From the records below, please return each line that holds the word "Very".

━━━━

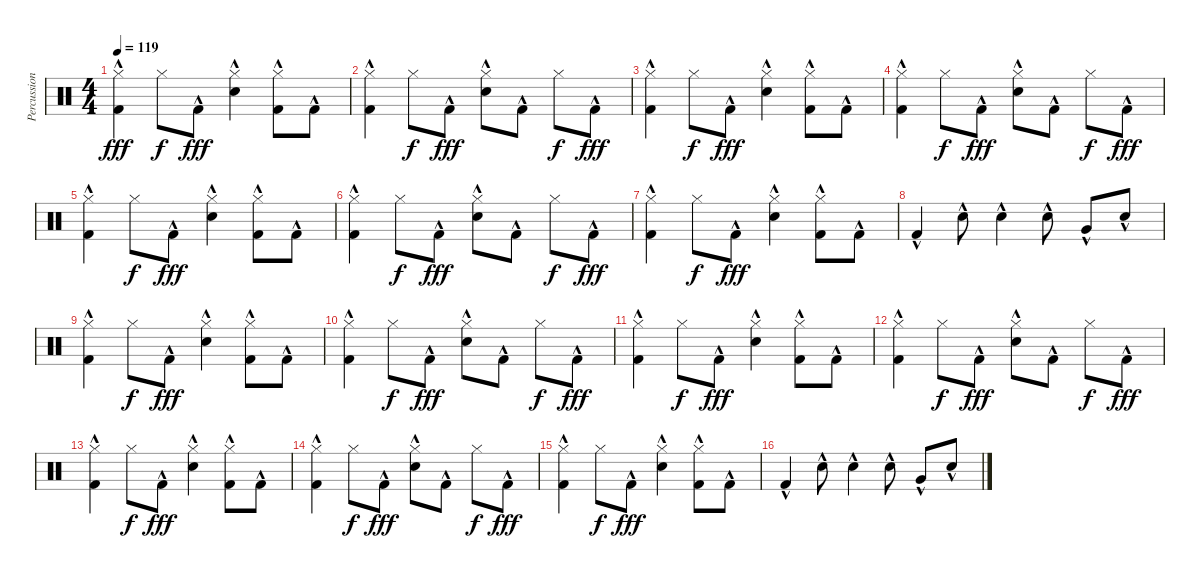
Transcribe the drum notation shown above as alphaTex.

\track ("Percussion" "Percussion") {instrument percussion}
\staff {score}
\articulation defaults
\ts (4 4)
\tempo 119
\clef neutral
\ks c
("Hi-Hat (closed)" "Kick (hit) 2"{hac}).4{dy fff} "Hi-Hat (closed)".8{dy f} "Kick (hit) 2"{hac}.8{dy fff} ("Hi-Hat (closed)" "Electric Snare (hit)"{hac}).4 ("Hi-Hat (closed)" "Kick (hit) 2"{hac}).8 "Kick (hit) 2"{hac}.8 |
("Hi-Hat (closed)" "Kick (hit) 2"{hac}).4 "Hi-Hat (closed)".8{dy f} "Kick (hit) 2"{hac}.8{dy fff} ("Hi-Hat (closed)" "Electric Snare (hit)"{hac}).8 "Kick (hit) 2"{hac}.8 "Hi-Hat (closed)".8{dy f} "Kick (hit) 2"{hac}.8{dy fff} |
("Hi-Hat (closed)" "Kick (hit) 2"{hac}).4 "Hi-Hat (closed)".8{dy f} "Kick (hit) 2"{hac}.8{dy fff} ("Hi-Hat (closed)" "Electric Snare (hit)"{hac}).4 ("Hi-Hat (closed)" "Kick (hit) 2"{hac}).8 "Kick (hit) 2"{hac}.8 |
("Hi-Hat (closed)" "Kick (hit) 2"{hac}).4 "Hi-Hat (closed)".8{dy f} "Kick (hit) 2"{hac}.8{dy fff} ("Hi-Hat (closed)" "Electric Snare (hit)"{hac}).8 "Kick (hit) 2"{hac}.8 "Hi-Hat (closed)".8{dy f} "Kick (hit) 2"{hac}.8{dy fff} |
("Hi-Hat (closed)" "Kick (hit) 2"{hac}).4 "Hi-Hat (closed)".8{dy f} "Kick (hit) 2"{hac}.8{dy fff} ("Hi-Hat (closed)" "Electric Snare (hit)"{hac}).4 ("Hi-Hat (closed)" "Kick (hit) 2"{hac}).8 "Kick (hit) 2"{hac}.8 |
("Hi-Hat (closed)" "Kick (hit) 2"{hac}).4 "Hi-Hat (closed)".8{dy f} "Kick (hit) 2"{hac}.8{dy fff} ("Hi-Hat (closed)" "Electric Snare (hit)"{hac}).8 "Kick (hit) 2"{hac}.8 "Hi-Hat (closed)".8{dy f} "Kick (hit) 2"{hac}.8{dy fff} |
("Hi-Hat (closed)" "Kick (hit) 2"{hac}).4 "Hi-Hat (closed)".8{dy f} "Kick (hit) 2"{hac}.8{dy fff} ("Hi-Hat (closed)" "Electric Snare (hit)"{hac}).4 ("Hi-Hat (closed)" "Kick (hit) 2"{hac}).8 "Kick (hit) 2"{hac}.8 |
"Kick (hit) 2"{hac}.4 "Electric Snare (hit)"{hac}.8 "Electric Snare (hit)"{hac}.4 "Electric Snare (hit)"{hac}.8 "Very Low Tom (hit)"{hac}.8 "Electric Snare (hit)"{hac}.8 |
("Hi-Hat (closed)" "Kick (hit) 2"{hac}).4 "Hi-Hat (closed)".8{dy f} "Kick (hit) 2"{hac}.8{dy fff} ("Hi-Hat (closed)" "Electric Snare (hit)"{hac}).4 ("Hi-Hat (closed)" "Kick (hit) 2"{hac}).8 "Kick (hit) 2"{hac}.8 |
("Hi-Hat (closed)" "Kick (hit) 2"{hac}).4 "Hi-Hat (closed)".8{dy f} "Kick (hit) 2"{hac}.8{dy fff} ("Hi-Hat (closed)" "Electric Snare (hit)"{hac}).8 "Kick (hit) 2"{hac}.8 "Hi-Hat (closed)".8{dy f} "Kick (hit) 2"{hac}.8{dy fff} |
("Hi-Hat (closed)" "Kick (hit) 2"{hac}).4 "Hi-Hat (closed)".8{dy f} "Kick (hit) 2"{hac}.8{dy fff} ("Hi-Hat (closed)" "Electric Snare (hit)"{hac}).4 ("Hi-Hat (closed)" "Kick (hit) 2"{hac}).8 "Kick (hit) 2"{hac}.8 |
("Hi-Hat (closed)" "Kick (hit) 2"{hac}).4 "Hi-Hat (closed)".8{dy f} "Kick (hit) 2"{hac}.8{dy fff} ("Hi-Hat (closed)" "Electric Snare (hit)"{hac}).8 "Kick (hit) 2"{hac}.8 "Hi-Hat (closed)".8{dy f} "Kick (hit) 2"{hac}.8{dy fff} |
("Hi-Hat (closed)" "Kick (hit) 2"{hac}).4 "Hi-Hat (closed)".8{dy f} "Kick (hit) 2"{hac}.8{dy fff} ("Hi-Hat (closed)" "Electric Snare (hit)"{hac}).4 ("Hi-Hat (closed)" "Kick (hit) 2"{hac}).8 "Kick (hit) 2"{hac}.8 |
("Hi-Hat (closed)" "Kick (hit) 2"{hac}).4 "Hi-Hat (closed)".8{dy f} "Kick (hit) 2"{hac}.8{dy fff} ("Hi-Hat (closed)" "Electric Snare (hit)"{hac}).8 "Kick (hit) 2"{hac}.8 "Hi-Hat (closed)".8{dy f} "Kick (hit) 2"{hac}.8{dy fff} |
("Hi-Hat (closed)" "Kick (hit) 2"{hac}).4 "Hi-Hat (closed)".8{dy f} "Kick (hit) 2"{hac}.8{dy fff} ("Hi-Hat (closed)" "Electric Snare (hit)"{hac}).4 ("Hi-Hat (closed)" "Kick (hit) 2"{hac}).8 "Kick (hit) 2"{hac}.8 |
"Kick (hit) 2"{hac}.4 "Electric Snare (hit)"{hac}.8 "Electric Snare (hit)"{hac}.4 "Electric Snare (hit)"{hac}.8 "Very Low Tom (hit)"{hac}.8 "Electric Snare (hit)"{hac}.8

━━━━

**SOLUTION FOR THIS TASK**
"Kick (hit) 2"{hac}.4 "Electric Snare (hit)"{hac}.8 "Electric Snare (hit)"{hac}.4 "Electric Snare (hit)"{hac}.8 "Very Low Tom (hit)"{hac}.8 "Electric Snare (hit)"{hac}.8 |
"Kick (hit) 2"{hac}.4 "Electric Snare (hit)"{hac}.8 "Electric Snare (hit)"{hac}.4 "Electric Snare (hit)"{hac}.8 "Very Low Tom (hit)"{hac}.8 "Electric Snare (hit)"{hac}.8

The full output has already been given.